When I first had Georgia I didn’t know what you were supposed to do as a mom. I didn’t know what was expected of a new parent. I remember thinking I am not “baby talking” with her; I am just going to talk normal to her straight from the start. When her peers started making words and my baby didnt I remember thinking OMG this is my fault.
I contacted talk with me with suspicions of hearing issues (contrary to what others thought). I attended the parent talk with me class to learn how to play, build on words, use really simple techniques to build your child’s speech.
Finally we got her hearing tested and sure enough she needed bilateral tubes.
So while we waited. ….
Because our healthcare system is broken.
I learned baby sign and taught it to Georgia. She learned what the signs meant and modeled them back. Good bye irrational tantrums. I highly recommend baby sign– it worked tremendously well with Georgia.
I found a private SLP and we paid her to work with Georgia while we waited to get in to Horizon Health SLP. Now we are lucky we had the means to hire privately because not everyone is so lucky.. I know this. If we were unable to hire privately I would have just made a routine at home where we purposely worked on speech for a block of time X/ week. We worked with Georgia at home every chance we got. Mimicking what we saw the SLP do.
This SLP recognized that there may be something on top of the blocked hearing going on. She was the first person to utter the word “autism”. I was furious. Not my kid.. No way.. Like she didn’t even have her first set of tubes at this point– this lady was jumping the gun.
Then we finally got into Horizons Medicare covered speech therapy and carried on. I got over my hurt feelings and decided to have the developmental team assess G. Not really sure which way it was going to go. She was only two for goodness sake.
She was assessed on her top skills first (things she didn’t have any issues with) such as fine/gross motor skills and sensory stuff. Her problem areas were assessed when she was tired at the end of the day.
I have flip flopped over the past months/years whether it was a true diagnosis but you just suck it up and do whats best for your kid.
For us that meant getting discharged from proper speech therapy (Georgias only problem area is speech) and starting the process with stepping stones. Only to get transferred to AIS before therapy even started. Then getting lost in the shuffle of the transition.
This mom had to march into that office of AIS and shed some tears to get the ball rolling.
This meant 3 months with absolutely no therapy except what we worked on at home. Back to private speech therapy we went. And we keep Georgia in speech therapy to this day because that is what she needs most.
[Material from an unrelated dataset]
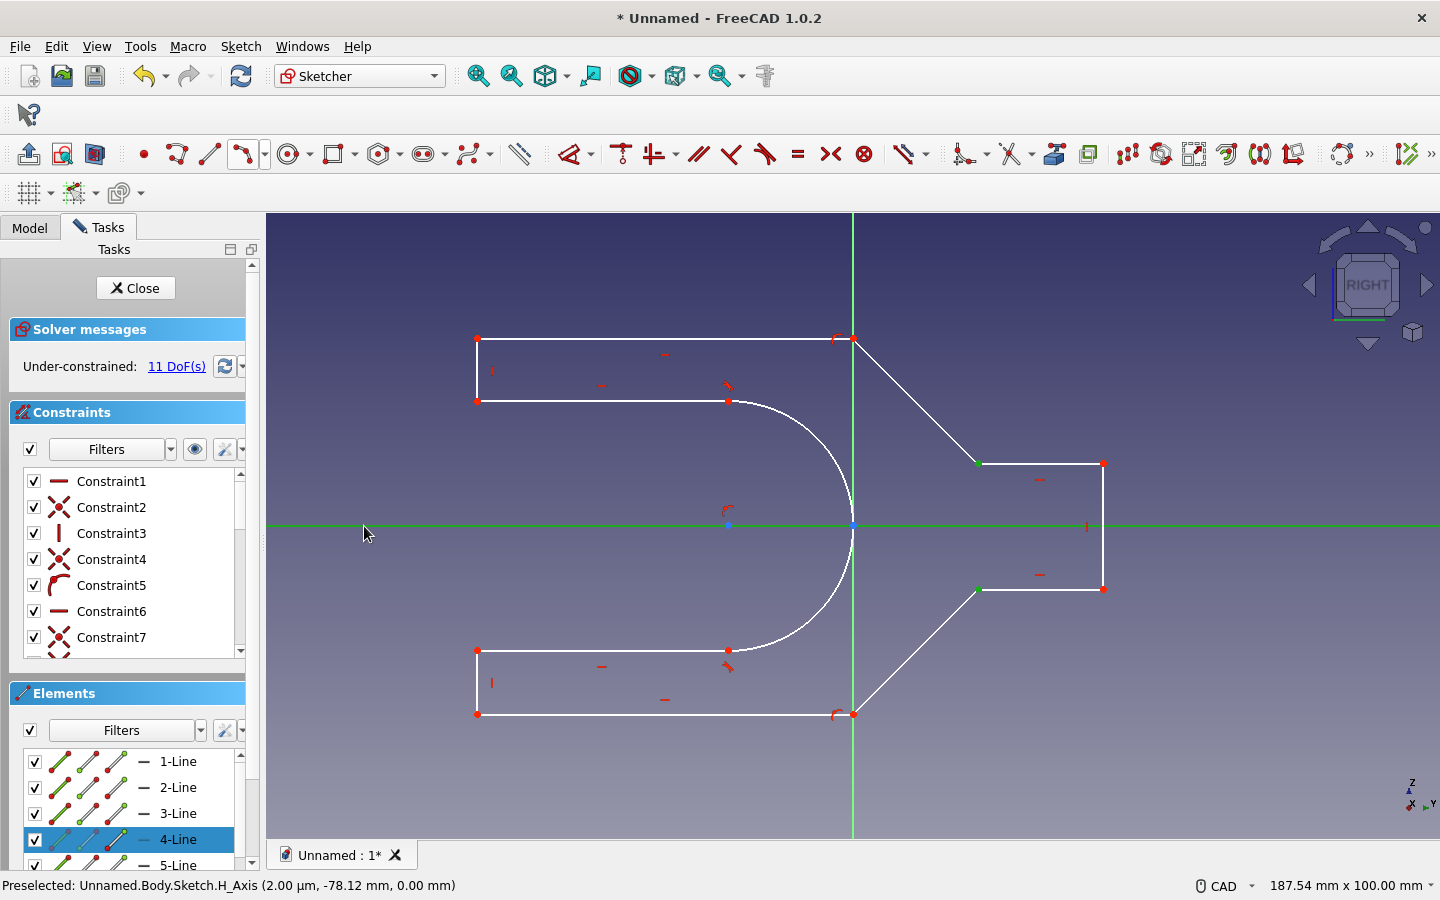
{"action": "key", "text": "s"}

Today we had her transition meeting for kindergarten. My god I am proud of her… proud of us.. we made it. My kid is ready for kindergarten. I bet you she will even do better than some “neurotypical” kids because of her exposure to daycare/preschool. I sat at that meeting and I was so proud. She has come such a long way. Lots of advocating, lots of work, lots of planned play.. But we did It!
This was my first struggle as a mom. I know everyone has their own stuff… My advice is be open to what people are telling you. Shutting your eyes to an issue your baby is having will only cause more heartache in the future.